**RECORDS SUPPLIED:**

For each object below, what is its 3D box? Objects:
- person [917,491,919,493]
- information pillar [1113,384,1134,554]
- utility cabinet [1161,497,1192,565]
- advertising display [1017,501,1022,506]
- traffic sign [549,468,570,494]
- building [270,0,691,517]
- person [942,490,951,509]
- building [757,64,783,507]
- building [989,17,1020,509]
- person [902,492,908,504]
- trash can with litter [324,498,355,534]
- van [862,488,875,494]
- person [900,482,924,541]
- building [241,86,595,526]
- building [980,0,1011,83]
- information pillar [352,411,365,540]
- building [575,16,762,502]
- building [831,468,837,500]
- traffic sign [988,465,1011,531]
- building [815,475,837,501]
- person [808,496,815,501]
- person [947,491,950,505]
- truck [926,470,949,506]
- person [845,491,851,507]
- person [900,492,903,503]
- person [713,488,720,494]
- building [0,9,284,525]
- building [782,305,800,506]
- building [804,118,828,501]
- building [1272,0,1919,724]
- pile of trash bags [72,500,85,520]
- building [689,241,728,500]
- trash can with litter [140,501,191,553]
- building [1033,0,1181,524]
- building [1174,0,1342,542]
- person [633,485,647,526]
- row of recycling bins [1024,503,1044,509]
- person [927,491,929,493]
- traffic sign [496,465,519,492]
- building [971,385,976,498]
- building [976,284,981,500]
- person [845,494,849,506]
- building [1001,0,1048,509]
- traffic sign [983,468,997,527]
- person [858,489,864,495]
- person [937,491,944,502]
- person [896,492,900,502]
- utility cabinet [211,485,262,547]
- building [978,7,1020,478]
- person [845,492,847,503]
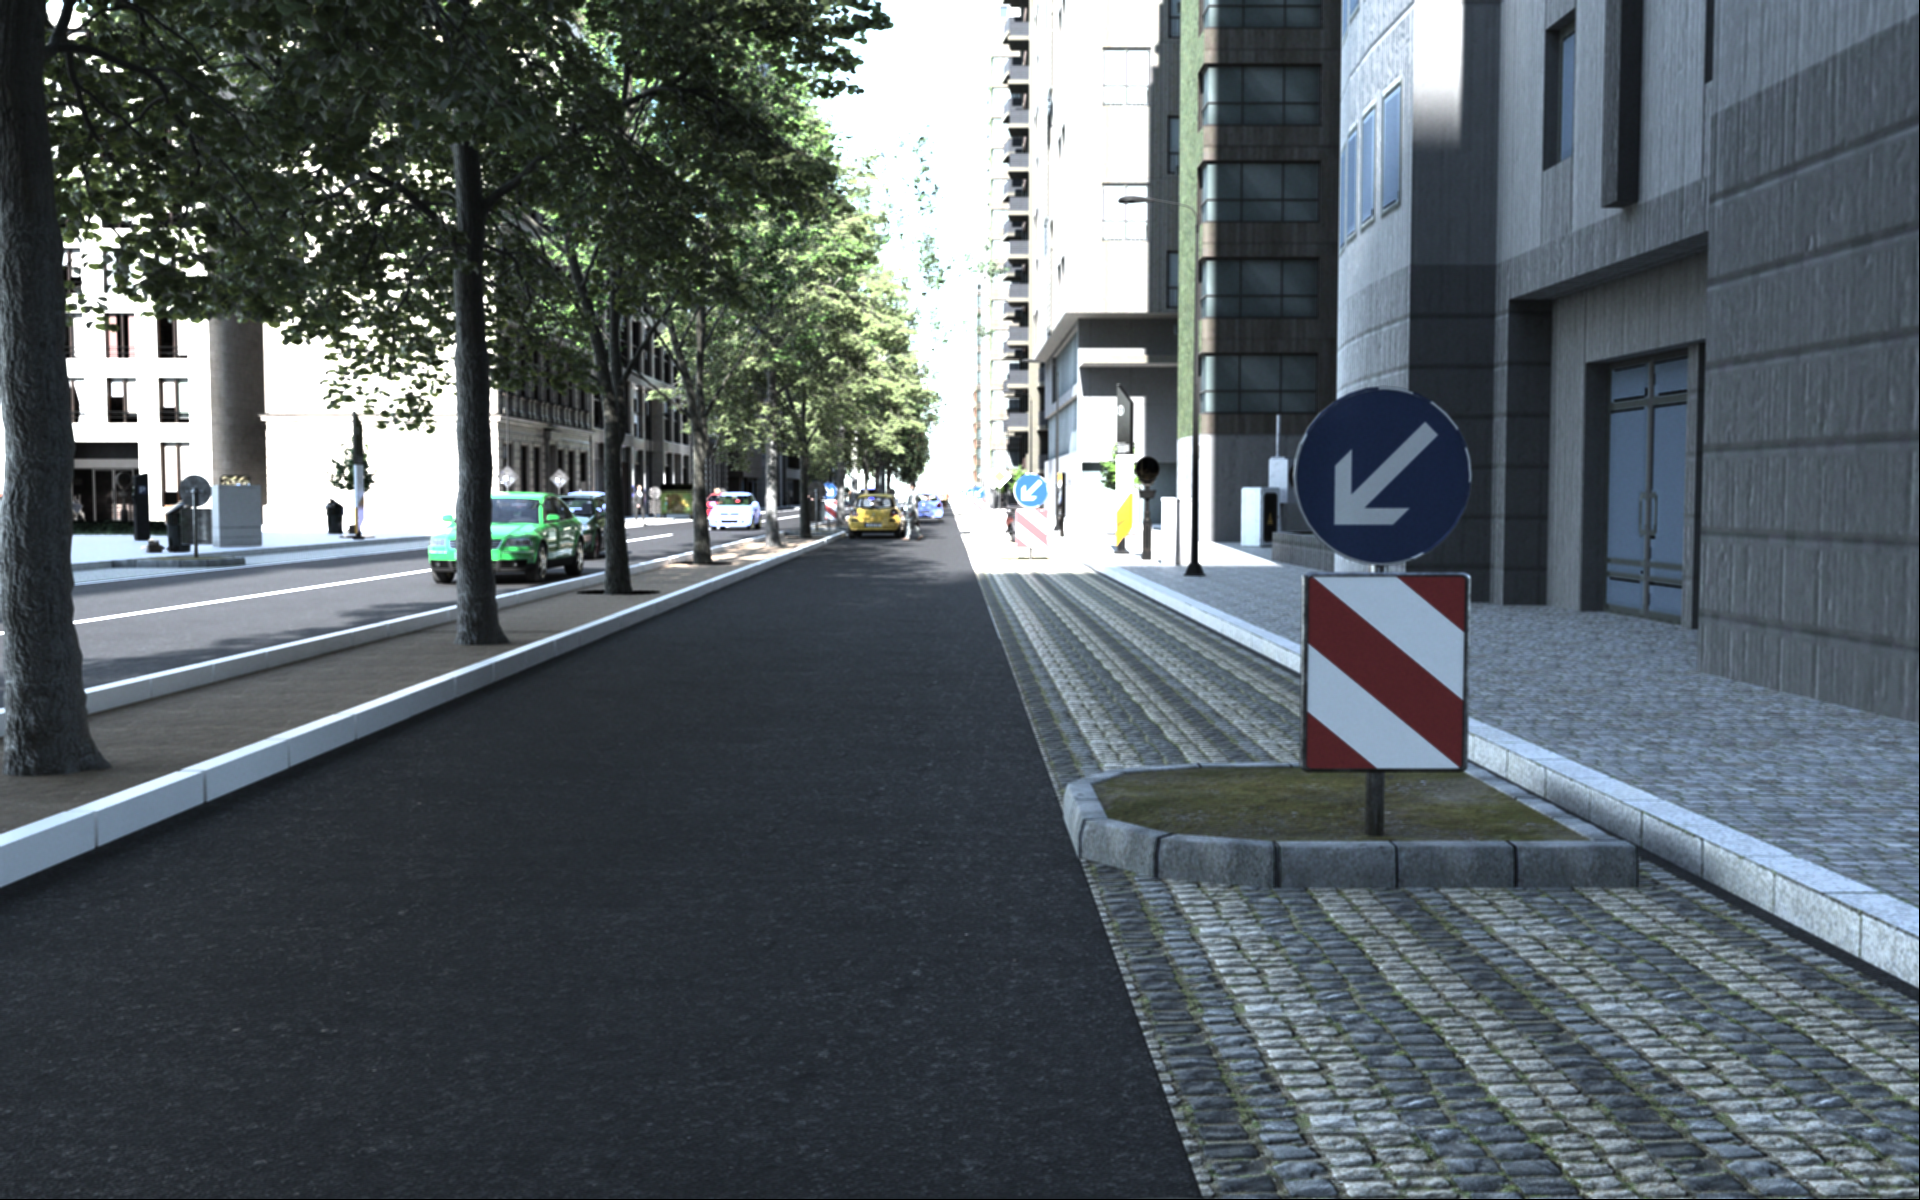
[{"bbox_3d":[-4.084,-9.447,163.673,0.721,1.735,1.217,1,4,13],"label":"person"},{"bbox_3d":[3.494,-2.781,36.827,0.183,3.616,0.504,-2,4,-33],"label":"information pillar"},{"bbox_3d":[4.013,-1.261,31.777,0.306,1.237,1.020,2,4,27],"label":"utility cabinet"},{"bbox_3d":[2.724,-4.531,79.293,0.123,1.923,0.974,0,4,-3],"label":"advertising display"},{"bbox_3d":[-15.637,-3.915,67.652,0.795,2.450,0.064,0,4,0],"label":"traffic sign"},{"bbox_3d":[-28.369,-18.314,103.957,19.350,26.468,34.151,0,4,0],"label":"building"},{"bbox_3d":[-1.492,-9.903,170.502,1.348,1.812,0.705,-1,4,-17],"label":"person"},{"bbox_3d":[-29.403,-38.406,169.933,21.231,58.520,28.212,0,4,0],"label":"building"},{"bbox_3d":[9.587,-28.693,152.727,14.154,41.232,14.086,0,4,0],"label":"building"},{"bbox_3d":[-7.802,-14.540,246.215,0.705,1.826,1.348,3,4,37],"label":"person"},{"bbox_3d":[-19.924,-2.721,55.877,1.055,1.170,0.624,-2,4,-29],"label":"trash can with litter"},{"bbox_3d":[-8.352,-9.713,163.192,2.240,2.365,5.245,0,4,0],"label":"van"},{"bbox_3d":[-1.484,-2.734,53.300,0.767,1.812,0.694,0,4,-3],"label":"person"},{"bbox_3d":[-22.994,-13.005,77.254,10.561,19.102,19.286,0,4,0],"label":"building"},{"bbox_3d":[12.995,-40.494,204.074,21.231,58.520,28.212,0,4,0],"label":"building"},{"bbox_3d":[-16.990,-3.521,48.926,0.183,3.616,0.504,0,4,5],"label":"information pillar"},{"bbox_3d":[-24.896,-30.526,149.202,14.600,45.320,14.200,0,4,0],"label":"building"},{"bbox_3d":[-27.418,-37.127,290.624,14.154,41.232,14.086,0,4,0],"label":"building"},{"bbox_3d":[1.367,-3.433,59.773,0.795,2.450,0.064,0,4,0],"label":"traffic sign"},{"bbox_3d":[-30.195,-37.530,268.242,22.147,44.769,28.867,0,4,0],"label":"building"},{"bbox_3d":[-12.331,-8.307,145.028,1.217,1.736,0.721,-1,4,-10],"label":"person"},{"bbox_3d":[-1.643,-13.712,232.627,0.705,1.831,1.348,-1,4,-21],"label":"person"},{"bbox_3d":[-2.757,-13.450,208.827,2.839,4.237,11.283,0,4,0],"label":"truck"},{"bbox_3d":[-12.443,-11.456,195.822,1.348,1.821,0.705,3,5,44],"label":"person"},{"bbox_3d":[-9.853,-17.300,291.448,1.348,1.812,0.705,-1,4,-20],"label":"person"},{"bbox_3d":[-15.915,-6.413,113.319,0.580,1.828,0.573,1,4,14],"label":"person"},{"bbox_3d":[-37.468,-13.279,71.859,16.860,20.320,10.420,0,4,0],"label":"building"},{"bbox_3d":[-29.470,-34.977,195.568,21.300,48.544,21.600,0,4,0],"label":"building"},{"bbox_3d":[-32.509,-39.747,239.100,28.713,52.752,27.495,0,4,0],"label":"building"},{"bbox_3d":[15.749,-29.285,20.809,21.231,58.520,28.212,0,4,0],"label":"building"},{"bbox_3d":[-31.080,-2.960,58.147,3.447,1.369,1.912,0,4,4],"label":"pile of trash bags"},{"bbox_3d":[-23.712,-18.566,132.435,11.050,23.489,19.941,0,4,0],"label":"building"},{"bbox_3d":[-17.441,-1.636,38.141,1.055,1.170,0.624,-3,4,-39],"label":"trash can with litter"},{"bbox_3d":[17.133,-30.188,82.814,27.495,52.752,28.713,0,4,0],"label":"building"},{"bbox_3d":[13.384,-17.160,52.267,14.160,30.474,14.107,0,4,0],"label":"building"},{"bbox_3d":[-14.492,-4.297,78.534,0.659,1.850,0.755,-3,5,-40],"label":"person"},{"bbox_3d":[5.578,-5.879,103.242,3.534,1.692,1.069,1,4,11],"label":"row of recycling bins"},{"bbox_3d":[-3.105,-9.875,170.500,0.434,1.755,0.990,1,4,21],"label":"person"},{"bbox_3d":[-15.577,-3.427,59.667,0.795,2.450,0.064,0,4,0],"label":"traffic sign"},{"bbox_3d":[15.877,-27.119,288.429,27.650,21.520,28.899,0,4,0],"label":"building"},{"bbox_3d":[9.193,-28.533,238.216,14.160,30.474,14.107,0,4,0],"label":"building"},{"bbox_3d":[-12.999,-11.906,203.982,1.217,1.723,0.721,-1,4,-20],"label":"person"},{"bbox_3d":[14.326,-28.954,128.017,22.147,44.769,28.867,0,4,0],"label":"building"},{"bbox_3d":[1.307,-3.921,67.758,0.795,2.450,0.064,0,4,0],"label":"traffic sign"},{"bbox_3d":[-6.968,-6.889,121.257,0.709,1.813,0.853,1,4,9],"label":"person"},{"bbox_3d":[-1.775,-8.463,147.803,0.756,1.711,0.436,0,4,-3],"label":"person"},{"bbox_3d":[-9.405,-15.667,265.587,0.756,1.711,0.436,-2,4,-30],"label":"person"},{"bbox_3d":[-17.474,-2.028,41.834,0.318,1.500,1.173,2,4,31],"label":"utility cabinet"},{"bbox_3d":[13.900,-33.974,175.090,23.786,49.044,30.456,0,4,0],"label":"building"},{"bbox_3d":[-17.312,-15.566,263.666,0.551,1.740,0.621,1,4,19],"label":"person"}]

**WORK REQUEST:** All lines from the beginning of the entries through the line marked "- person [713,488,720,494]" are to be output exactly; nothing else belongs in the answer.

**EXPECTED OUTPUT:**
For each object below, what is its 3D box? Objects:
- person [917,491,919,493]
- information pillar [1113,384,1134,554]
- utility cabinet [1161,497,1192,565]
- advertising display [1017,501,1022,506]
- traffic sign [549,468,570,494]
- building [270,0,691,517]
- person [942,490,951,509]
- building [757,64,783,507]
- building [989,17,1020,509]
- person [902,492,908,504]
- trash can with litter [324,498,355,534]
- van [862,488,875,494]
- person [900,482,924,541]
- building [241,86,595,526]
- building [980,0,1011,83]
- information pillar [352,411,365,540]
- building [575,16,762,502]
- building [831,468,837,500]
- traffic sign [988,465,1011,531]
- building [815,475,837,501]
- person [808,496,815,501]
- person [947,491,950,505]
- truck [926,470,949,506]
- person [845,491,851,507]
- person [900,492,903,503]
- person [713,488,720,494]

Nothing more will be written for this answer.